« L’Orient est l’Orient, l’Occident est l’Occident et, jamais, ces deux mondes ne parviendront à se rencontrer. » (Rudyard Kipling)

En s’érigeant porte-parole des Arabes tout en ouvrant ses colonnes aux Occidentaux, Le Safir francophone a tenté l’aventure folle de les rapprocher.

« Les esprits d’élite discutent des idées, les esprits moyens discutent des événements, les esprits médiocres discutent des personnes », écrivait Jules Romains.

Le Safir francophone s’attache à la mise en valeur des idées brillantes et des analyses politiques les plus profondes.

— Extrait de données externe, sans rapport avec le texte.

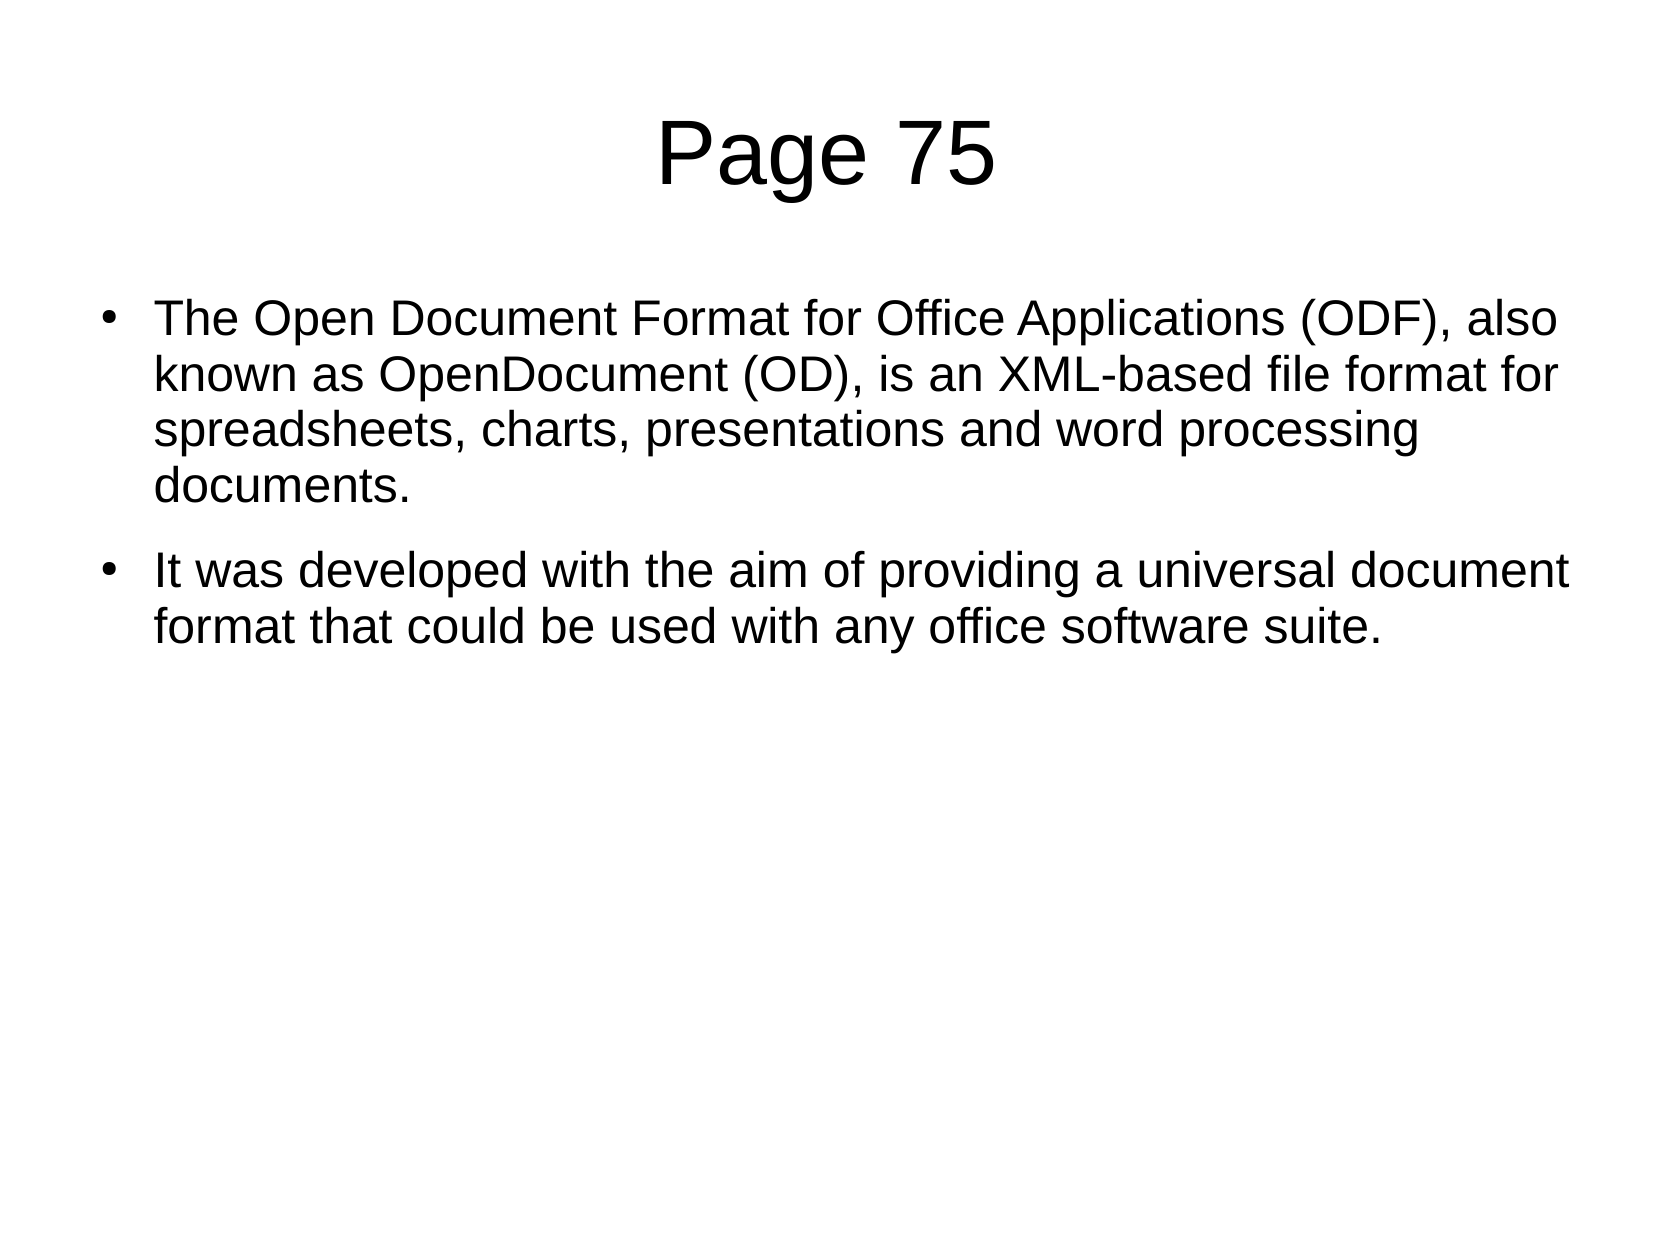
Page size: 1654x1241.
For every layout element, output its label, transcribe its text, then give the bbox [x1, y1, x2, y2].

title Page 75 [82, 49, 1571, 257]
list The Open Document Format for Office Applications (ODF), also known as OpenDocument (OD), is an XML-based file format for spreadsheets, charts, presentations and word processing documents. It was developed with the aim of providing a universal document format that could be used with any office software suite. [82, 290, 1571, 1109]

Le Safir francophone, un rempart contre les stéréotypes et les idées reçues

As-Safir est aujourd’hui le seul quotidien libanais doté d’un supplément d’âme en langue française. Il s’est teint d’une francophonie originale et… essentielle : elle ne brade pas l’identité arabe et ne trouve jamais les causes justes démodées, elle prouve qu’on peut être à la fois francophone et pro-Palestinien, et, enfin, elle entend restaurer l’écriture dans sa mission la plus noble.

Dîtes-le avec de l’art…

Le Safir francophone est un éventail de réflexions stratégiques émaillées par un choix de peintures et une iconographie qui ne doivent rien au hasard. Plaisir des yeux et éveilleur de la conscience, l’art fait bien plus qu’illustrer, car « une image vaut dix mille mots ».

Le Safir francophone ou le choix de l’excellence

La fine fleur de la littérature s’est invitée dans nos pages, éclairant les domaines de la culture, de l’art, de la politique ou de l’économie… La pensée arabe dans ce qu’elle a de plus accompli, traduite en langue française ou exprimée directement en français, avec une porte ouverte à l’éclosion de jeunes plumes douées.

Un mariage réussi entre littérature et politique

Le Safir francophone associe littérature et politique. Soucieux que l’écrit soit un écrin pour la pensée, il prend soin du verbe et jongle avec les mots ; il cherche aussi à éclairer notre présent par les citations des grands penseurs du passé.

Un supplément engagé

« Le monde ne sera pas détruit par ceux qui font le mal, mais par ceux qui les regardent sans rien faire. » (Albert Einstein)

Le Safir francophone dénonce et ne transige pas. Dans un monde submergé par la succession des événements et l’anarchie des dépêches qui les commentent, Le Safir francophone, soucieux de vérité et de justice, épure l’information.

Si près des tabous

« Il est absurde d’avoir une règle rigoureuse sur ce qu’on doit lire ou pas. Plus de la moitié de la culture intellectuelle moderne dépend de ce qu’on ne devrait pas lire. » (Oscar Wilde)

Le Safir francophone vainc les tabous. Il ose expliquer, par exemple, dans un dossier de plusieurs pages, les dangers d’un concept comme le judaïsme d’Etat, et ce au moment où la presse mondiale et libanaise a presque passé outre. Il ose se démarquer du discours mondialisé et des puissances qui le forgent.

Nous ne sommes pas un journal

Nous ne sommes pas un journal et nous sommes plus qu’un supplément, nous sommes un point de rencontre et de convergence entre la discipline rigoureuse de l’Occident et la folie indomptable de l’Orient. Ici se donne à lire une des langues majeures de l’Europe, passionnément investie par une pensée arabe en pleine possession d’elle-même.